- Work to complete
The expected result is an exact restatement of the data, free of pictures.

(Available data begins)

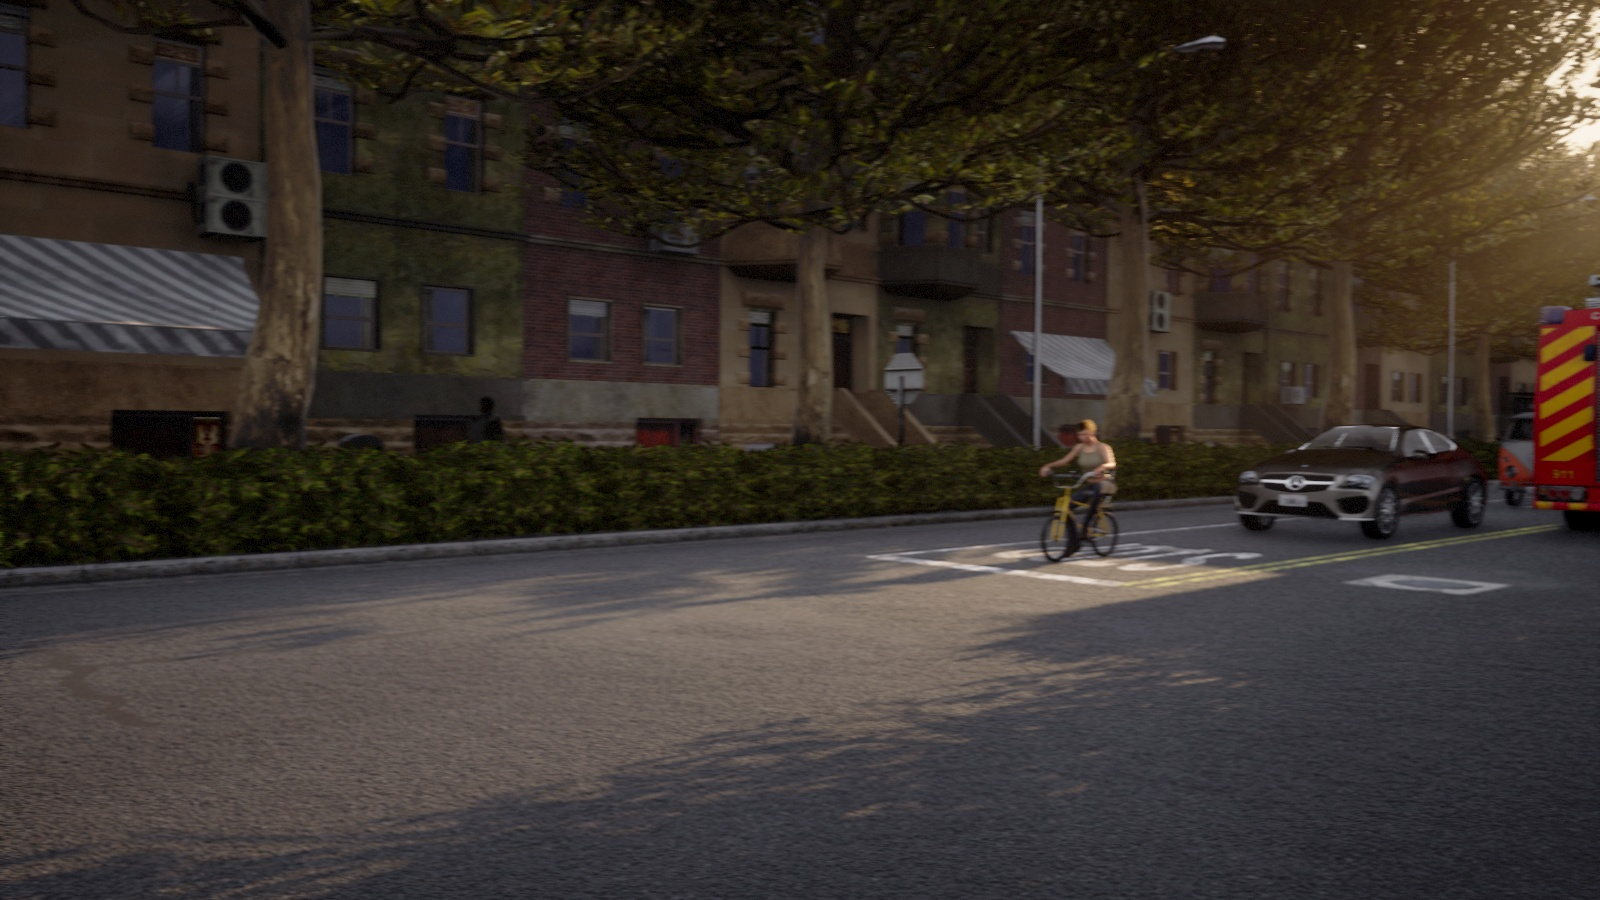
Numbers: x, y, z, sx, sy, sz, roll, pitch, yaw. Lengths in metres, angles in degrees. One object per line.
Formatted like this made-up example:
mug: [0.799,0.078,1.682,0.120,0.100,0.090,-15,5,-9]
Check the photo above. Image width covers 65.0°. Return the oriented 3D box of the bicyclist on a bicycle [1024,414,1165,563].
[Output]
bicyclist on a bicycle: [3.384,0.398,14.383,1.509,1.612,0.866,-1,1,-43]

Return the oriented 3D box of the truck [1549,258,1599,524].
truck: [15.197,-0.921,20.379,8.468,3.827,2.891,-1,1,-42]

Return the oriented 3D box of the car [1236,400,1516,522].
car: [9.056,0.098,19.533,5.027,1.651,2.152,-1,1,-42]

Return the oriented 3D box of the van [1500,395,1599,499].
van: [16.387,-0.114,26.197,4.442,1.987,1.775,-2,2,-42]

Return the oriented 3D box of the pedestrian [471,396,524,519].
pedestrian: [-4.822,0.109,20.021,0.692,1.930,0.395,-1,1,-41]
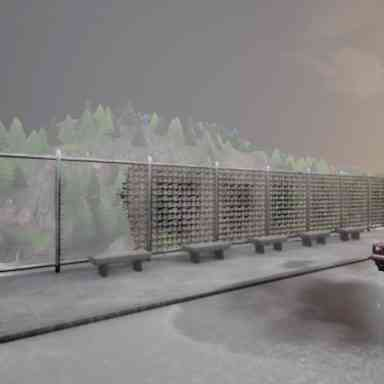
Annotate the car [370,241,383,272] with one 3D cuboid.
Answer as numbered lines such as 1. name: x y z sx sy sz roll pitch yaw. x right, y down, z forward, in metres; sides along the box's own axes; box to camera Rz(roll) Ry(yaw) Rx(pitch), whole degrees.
1. car: 7.271 1.659 9.827 4.718 1.301 1.895 0 0 -36
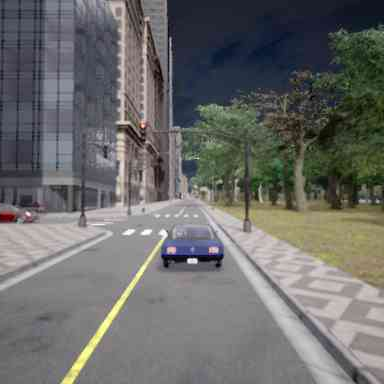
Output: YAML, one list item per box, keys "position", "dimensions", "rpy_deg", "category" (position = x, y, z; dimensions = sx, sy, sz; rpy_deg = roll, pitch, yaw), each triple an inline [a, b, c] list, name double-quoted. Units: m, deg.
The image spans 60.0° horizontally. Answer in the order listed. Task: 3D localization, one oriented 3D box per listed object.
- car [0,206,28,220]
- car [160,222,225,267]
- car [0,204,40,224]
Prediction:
- position: [-19.017, 2.060, 33.295]
  dimensions: [4.313, 1.339, 1.947]
  rpy_deg: [0, -2, 0]
  category: "car"
- position: [0.001, 1.727, 11.804]
  dimensions: [1.895, 1.301, 4.718]
  rpy_deg: [0, -1, 0]
  category: "car"
- position: [-13.549, 1.621, 24.790]
  dimensions: [4.097, 1.590, 1.967]
  rpy_deg: [0, -2, -1]
  category: "car"
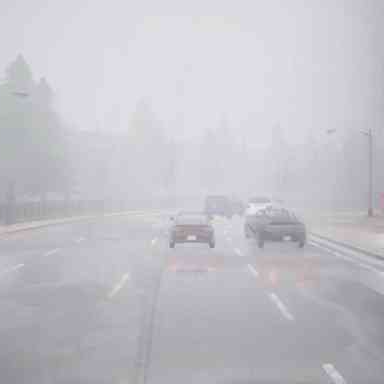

(Available data ends)

- Worked solution
Numbers: x, y, z, sx, sy, sz, roll, pitch, yaw. Lengths in metres, angles in degrees. One object per line.
Formatted like this made-up example:
mug: [0.799,0.078,1.682,0.120,0.100,0.090,-15,5,-9]
Check the photo above. Image width covers 65.0°. Return the oriented 3D box of the bicyclist on a bicycle [1024,414,1165,563].
[Output]
bicyclist on a bicycle: [3.384,0.398,14.383,1.509,1.612,0.866,-1,1,-43]

Return the oriented 3D box of the truck [1549,258,1599,524].
truck: [15.197,-0.921,20.379,8.468,3.827,2.891,-1,1,-42]

Return the oriented 3D box of the car [1236,400,1516,522].
car: [9.056,0.098,19.533,5.027,1.651,2.152,-1,1,-42]

Return the oriented 3D box of the van [1500,395,1599,499].
van: [16.387,-0.114,26.197,4.442,1.987,1.775,-2,2,-42]

Return the oriented 3D box of the pedestrian [471,396,524,519].
pedestrian: [-4.822,0.109,20.021,0.692,1.930,0.395,-1,1,-41]
Annotate the car [370,241,383,272] with one 3D cuboid.
Answer as numbered lines such as 1. name: x y z sx sy sz roll pitch yaw. x right, y down, z forward, in metres; sides along the box's own axes; box to camera Rz(roll) Ry(yaw) Rx(pitch), whole degrees.
1. car: 7.271 1.659 9.827 4.718 1.301 1.895 0 0 -36
Output: YAML, one list item per box, keys "position", "dimensions", "rpy_deg", "category" (position = x, y, z; dimensions = sx, sy, sz; rpy_deg = roll, pitch, yaw), each triple an inline [a, b, c] list, name double-quoted. Units: m, deg.
The image spans 60.0° horizontally. Answer in the order listed. Task: 3D localization, one oriented 3D box per listed object.
- car [0,206,28,220]
- car [160,222,225,267]
- car [0,204,40,224]
Prediction:
- position: [-19.017, 2.060, 33.295]
  dimensions: [4.313, 1.339, 1.947]
  rpy_deg: [0, -2, 0]
  category: "car"
- position: [0.001, 1.727, 11.804]
  dimensions: [1.895, 1.301, 4.718]
  rpy_deg: [0, -1, 0]
  category: "car"
- position: [-13.549, 1.621, 24.790]
  dimensions: [4.097, 1.590, 1.967]
  rpy_deg: [0, -2, -1]
  category: "car"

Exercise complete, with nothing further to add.